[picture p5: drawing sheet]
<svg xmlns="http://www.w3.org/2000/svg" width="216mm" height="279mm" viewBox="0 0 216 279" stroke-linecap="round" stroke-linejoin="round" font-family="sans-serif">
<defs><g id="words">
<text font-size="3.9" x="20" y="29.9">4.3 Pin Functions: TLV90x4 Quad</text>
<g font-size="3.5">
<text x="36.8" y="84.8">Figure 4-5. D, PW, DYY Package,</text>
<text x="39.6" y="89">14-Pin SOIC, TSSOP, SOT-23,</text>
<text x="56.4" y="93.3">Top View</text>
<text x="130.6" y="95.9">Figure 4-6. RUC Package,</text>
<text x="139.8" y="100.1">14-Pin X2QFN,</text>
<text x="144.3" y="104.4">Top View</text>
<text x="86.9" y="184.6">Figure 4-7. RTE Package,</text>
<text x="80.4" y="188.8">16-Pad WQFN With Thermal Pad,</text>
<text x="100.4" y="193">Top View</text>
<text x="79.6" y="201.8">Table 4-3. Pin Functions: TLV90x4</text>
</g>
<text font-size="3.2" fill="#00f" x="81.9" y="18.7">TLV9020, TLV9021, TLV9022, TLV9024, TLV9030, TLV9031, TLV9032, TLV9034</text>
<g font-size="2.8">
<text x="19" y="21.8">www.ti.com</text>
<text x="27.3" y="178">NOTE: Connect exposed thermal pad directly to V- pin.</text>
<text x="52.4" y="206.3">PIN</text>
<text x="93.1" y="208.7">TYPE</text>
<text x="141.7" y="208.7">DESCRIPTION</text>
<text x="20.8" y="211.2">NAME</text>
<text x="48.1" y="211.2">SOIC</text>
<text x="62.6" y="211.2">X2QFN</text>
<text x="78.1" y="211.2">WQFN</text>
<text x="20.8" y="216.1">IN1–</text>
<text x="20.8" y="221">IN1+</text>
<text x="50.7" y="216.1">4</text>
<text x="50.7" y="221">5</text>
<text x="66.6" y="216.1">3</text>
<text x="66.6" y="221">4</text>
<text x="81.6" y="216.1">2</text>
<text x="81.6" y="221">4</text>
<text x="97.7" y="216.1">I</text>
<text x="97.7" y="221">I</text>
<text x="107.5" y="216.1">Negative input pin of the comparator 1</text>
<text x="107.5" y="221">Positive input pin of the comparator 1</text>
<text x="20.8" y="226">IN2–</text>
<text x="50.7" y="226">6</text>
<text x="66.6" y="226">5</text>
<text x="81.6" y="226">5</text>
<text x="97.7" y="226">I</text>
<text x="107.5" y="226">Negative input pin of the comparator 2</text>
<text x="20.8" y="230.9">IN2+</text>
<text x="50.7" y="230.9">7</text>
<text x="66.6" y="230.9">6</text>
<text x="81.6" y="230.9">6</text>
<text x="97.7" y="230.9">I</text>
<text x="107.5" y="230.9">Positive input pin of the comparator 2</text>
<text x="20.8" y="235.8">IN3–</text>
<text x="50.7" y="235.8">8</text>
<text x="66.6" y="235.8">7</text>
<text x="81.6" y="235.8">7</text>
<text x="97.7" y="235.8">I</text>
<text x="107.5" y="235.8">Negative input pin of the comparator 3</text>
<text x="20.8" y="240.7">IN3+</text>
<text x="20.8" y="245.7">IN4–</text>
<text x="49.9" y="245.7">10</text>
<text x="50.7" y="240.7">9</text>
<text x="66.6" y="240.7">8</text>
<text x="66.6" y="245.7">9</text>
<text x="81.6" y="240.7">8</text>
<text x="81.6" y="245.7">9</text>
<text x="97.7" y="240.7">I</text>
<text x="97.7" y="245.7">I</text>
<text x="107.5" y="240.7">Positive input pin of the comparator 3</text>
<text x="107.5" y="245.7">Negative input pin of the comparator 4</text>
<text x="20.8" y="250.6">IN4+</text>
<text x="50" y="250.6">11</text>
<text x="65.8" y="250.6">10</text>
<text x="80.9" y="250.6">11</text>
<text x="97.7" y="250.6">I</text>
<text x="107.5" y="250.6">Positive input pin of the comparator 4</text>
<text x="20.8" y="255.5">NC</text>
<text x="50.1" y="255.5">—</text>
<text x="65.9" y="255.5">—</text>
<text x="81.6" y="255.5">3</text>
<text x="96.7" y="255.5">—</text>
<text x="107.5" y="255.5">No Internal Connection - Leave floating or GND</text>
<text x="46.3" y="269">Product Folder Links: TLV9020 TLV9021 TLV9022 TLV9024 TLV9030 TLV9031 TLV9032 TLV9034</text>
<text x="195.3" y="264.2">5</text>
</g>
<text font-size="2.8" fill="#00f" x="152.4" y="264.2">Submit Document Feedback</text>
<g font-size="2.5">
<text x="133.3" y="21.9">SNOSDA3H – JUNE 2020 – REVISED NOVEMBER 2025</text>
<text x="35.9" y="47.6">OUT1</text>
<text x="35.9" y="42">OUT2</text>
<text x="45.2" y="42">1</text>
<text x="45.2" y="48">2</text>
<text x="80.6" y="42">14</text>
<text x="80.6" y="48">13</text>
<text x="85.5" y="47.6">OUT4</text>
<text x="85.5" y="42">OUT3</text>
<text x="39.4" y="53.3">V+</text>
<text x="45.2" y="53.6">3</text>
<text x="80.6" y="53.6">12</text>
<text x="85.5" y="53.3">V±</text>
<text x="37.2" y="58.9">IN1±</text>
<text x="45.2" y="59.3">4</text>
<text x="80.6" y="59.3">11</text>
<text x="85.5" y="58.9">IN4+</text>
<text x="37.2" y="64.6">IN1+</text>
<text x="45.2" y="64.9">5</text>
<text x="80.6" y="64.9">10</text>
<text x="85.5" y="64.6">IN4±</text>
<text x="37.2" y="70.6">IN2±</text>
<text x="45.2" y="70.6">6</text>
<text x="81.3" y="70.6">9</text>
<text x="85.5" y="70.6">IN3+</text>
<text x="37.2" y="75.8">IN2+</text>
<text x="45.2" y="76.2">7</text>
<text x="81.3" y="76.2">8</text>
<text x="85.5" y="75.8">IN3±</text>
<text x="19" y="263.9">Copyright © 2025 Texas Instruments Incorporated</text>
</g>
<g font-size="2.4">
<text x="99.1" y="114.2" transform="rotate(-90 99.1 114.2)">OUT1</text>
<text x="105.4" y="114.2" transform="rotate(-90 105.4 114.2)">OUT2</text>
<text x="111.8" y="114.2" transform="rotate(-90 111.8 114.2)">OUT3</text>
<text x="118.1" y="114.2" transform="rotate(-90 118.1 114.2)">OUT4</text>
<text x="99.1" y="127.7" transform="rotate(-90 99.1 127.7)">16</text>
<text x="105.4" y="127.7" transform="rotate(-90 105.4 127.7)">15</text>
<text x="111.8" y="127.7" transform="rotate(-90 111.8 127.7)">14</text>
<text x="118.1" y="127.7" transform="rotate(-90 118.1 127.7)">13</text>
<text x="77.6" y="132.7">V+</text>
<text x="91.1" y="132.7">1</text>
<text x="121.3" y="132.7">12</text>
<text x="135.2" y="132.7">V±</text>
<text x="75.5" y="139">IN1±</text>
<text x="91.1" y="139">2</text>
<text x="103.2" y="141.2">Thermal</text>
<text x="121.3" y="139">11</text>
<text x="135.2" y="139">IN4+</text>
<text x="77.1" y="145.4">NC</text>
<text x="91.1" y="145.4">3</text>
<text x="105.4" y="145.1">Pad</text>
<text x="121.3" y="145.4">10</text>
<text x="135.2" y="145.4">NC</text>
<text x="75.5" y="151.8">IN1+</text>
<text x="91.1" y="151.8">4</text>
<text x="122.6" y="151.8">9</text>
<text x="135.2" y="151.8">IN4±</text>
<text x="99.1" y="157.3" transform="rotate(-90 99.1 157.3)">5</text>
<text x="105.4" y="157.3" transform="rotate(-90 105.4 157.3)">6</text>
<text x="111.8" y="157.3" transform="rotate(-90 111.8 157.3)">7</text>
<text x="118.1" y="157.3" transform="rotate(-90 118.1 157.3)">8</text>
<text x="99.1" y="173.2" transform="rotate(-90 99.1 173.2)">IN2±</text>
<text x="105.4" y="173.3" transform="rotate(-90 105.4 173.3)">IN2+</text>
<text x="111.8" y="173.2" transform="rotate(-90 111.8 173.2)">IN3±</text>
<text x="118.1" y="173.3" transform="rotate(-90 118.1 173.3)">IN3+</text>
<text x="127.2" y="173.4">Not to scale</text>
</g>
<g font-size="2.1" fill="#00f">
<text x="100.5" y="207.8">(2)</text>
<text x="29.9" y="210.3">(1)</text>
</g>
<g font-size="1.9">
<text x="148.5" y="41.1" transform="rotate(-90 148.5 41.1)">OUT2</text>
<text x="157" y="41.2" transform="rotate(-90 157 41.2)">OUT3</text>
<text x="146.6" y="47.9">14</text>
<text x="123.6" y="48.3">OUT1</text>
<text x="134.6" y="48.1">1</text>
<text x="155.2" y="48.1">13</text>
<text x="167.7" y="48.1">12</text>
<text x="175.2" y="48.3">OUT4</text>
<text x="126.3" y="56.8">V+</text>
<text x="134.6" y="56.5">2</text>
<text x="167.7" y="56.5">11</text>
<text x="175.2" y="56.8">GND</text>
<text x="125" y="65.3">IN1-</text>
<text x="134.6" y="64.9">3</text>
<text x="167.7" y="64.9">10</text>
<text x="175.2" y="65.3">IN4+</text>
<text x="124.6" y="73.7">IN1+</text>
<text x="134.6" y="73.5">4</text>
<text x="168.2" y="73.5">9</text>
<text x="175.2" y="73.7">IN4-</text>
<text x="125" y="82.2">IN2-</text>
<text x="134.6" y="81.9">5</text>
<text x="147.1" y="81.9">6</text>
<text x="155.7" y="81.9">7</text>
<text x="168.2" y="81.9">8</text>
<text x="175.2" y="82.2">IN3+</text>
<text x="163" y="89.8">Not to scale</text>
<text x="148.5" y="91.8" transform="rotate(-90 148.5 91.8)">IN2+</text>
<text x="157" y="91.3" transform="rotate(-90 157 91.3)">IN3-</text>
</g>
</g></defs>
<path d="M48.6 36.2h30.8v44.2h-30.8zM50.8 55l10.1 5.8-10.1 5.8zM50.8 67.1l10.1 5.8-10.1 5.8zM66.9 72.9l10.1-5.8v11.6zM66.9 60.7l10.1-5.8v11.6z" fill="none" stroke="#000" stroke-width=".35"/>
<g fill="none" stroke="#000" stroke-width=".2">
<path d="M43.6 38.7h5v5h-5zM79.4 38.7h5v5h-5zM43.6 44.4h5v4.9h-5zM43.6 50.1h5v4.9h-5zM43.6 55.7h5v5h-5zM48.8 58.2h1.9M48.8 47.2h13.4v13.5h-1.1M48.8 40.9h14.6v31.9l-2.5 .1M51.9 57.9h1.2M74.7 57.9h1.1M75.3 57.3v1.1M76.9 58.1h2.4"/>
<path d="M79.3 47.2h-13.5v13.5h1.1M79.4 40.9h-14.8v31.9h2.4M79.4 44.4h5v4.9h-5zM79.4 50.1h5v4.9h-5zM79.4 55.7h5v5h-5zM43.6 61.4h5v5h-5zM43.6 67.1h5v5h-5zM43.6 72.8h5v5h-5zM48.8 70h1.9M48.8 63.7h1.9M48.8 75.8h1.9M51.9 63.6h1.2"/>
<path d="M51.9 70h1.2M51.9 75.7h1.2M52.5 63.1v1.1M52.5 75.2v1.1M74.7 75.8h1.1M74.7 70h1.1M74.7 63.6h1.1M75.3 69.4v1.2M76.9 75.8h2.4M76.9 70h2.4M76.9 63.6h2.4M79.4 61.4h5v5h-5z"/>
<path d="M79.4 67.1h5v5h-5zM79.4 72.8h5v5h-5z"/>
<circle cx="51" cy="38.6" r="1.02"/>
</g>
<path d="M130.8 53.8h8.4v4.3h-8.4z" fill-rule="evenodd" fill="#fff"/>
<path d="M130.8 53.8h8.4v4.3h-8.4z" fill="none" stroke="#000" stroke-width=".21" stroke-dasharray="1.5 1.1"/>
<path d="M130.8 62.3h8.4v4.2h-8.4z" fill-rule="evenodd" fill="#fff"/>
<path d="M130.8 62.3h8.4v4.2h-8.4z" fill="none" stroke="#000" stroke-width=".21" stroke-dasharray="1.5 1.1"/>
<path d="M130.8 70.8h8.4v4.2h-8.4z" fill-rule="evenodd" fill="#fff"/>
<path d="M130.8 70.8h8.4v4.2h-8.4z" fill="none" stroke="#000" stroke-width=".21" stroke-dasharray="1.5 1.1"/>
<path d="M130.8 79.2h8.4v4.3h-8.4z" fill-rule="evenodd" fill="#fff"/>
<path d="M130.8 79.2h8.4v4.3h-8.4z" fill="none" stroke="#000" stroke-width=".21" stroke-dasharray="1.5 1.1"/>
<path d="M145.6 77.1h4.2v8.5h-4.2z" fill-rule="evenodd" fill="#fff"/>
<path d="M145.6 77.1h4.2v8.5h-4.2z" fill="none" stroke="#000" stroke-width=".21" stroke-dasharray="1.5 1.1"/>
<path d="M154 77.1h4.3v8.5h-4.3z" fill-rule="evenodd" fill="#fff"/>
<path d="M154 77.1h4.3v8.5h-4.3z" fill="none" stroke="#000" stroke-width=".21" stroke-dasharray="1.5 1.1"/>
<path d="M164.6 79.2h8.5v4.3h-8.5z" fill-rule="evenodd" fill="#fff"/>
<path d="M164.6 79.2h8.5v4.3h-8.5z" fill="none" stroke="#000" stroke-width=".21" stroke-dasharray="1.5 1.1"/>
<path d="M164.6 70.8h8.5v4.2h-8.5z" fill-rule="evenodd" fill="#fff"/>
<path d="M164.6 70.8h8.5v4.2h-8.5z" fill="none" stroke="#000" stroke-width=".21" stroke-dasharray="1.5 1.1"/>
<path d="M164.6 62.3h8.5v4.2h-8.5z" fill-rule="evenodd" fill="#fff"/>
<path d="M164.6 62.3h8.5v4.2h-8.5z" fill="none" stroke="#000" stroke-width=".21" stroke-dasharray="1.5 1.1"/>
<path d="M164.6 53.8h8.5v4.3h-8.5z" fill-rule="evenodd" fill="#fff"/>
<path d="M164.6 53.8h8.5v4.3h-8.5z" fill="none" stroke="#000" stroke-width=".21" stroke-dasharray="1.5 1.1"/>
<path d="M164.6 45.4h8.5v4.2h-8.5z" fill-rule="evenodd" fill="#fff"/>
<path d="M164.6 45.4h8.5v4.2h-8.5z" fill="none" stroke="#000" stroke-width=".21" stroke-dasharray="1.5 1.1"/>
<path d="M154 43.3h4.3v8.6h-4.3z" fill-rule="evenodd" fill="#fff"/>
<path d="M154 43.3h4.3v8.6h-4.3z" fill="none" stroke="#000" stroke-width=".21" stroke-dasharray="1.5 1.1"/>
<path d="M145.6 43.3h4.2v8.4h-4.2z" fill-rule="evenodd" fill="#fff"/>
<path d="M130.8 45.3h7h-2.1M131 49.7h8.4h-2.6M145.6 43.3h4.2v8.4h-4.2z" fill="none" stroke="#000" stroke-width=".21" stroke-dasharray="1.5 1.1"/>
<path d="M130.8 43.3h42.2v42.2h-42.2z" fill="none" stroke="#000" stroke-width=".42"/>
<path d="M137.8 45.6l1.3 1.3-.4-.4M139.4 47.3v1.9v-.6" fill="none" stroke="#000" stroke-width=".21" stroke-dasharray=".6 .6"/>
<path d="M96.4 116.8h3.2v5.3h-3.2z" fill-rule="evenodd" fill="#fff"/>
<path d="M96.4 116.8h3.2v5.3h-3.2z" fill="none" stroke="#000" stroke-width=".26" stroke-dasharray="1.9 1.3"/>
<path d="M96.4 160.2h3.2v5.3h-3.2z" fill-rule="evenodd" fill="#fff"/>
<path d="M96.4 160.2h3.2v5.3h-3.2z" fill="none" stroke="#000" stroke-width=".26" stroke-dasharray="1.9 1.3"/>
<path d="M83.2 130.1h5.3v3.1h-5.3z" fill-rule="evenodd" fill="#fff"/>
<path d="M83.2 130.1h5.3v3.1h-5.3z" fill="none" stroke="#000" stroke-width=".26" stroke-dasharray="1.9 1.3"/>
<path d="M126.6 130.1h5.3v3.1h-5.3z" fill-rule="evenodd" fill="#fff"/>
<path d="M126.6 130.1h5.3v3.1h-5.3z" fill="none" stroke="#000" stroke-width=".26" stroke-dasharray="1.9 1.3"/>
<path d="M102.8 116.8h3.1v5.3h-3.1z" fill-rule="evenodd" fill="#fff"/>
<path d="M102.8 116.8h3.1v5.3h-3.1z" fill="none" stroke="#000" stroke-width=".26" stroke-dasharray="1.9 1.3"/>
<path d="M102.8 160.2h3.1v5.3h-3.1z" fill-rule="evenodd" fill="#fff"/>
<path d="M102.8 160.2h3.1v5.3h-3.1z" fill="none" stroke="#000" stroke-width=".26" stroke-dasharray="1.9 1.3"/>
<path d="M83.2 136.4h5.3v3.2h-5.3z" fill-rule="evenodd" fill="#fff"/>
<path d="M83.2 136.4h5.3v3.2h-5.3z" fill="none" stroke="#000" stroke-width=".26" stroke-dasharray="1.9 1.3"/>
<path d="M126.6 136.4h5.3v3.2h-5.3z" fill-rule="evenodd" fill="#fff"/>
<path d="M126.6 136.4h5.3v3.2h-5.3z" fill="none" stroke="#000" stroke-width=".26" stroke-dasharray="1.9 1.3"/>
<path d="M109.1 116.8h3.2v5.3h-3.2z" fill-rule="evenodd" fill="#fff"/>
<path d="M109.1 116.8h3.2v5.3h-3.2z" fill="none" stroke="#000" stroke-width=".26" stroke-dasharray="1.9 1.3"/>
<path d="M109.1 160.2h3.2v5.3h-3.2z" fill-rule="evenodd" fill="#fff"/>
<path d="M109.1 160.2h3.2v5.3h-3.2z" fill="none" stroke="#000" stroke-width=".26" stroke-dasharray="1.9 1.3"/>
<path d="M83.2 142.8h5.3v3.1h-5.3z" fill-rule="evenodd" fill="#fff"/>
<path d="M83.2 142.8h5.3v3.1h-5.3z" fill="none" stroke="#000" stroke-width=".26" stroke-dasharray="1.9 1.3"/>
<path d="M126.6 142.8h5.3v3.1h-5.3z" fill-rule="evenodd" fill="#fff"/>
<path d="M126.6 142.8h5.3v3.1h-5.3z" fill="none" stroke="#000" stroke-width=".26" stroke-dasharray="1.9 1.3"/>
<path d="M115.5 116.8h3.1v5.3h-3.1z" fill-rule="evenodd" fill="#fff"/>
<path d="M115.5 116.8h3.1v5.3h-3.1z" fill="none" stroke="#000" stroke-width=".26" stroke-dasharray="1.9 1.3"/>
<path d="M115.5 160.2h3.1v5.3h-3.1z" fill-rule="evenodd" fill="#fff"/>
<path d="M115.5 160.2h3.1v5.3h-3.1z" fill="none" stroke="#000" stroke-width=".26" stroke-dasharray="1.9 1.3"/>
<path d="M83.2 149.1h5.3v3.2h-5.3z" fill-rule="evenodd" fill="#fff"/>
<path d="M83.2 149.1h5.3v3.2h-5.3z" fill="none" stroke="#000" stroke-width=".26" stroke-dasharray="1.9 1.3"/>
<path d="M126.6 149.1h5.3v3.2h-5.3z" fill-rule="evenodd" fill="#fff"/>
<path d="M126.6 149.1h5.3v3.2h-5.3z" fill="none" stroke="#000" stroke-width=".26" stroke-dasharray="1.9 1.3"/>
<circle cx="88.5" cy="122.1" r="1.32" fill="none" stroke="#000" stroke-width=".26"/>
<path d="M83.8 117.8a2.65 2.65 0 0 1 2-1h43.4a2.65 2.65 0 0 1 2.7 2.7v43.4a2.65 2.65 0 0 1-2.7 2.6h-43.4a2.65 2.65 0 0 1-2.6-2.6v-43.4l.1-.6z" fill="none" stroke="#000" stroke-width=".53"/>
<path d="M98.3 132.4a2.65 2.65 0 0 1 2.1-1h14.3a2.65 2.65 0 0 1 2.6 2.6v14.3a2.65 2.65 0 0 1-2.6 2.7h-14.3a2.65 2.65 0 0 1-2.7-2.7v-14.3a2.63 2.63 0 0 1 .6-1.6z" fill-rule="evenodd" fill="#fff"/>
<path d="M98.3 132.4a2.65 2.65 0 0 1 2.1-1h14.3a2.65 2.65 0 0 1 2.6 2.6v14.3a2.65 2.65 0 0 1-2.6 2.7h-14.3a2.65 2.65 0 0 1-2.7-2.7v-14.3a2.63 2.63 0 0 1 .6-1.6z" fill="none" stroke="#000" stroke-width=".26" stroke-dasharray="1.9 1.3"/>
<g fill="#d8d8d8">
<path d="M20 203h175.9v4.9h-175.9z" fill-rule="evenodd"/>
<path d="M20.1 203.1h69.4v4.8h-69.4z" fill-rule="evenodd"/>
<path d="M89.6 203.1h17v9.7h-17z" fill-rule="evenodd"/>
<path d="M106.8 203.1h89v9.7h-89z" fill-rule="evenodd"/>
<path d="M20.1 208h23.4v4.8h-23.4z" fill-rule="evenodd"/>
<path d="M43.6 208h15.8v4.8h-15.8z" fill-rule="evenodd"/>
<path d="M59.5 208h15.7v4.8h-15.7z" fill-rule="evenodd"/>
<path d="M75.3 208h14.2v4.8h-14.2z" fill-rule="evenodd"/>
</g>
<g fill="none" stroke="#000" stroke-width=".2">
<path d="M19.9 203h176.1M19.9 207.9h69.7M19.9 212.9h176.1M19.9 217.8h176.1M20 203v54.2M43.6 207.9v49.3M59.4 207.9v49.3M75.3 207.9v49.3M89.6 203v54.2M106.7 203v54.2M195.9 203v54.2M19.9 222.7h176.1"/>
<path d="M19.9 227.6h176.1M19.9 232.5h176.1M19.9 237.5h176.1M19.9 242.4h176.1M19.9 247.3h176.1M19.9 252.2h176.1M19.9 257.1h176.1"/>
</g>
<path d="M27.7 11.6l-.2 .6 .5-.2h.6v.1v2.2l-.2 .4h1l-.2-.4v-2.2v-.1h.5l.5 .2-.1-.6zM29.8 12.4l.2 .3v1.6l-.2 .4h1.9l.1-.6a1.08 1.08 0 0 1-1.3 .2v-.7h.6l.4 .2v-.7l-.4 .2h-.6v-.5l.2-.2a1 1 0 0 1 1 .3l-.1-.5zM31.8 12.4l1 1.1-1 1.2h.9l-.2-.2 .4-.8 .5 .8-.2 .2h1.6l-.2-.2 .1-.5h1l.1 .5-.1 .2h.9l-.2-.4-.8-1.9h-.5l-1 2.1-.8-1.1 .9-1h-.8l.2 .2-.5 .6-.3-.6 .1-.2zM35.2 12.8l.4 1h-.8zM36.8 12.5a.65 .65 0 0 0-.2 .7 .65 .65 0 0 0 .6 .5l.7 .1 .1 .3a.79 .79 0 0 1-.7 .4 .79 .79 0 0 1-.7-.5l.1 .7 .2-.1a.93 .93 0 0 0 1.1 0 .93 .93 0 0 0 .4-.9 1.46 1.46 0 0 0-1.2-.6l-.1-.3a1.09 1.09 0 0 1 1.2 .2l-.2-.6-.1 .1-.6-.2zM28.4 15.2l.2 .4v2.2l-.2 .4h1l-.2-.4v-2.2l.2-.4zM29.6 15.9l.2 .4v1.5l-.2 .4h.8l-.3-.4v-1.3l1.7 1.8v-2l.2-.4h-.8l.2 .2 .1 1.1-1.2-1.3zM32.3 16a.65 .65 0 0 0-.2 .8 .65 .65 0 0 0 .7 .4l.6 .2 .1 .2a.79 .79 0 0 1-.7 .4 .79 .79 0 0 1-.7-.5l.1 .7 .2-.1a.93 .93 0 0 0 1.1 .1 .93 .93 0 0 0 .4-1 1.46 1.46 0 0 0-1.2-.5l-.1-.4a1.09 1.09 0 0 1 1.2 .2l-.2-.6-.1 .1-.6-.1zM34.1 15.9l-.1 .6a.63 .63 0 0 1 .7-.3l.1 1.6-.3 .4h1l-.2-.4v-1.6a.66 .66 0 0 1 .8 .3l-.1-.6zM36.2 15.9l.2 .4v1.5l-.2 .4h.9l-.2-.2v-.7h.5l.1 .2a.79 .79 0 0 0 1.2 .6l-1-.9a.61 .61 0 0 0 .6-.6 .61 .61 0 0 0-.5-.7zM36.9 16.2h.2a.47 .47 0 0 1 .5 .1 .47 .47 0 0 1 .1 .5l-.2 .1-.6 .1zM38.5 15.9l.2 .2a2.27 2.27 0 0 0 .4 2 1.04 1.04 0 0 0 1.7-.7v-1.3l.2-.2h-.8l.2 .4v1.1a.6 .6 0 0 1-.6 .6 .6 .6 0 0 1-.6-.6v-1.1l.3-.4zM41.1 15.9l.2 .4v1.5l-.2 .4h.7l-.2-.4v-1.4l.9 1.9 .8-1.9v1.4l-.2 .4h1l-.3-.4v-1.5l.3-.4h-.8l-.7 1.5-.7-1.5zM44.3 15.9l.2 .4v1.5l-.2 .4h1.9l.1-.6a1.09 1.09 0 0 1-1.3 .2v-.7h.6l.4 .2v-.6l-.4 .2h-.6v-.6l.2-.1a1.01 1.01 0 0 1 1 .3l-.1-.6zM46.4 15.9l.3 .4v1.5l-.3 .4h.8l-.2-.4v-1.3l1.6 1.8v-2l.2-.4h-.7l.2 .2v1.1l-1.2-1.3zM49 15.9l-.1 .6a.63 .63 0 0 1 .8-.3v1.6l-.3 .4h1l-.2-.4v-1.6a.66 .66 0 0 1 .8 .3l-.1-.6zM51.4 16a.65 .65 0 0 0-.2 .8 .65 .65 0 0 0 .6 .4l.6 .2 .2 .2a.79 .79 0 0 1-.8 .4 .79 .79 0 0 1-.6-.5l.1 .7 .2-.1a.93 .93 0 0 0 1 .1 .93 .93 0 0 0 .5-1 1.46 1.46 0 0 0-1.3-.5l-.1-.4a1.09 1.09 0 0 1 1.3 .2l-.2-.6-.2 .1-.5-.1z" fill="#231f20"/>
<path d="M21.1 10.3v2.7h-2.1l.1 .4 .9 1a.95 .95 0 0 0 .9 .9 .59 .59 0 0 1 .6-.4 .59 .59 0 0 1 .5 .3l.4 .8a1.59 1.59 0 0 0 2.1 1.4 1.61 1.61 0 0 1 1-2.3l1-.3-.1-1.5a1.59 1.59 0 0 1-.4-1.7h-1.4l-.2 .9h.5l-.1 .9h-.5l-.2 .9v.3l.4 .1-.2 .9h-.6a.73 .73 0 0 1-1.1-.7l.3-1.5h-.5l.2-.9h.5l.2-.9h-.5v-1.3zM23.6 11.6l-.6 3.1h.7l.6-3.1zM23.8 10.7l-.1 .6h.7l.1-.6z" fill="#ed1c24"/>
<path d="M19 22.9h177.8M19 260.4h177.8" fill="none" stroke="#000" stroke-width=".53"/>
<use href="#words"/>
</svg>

=-=-=

**WHAT YOU ARE ASKED TO DO:** Count how many lines in the listing above hold "WQFN". Supply only that number.

**TASK RESPONSE:** 2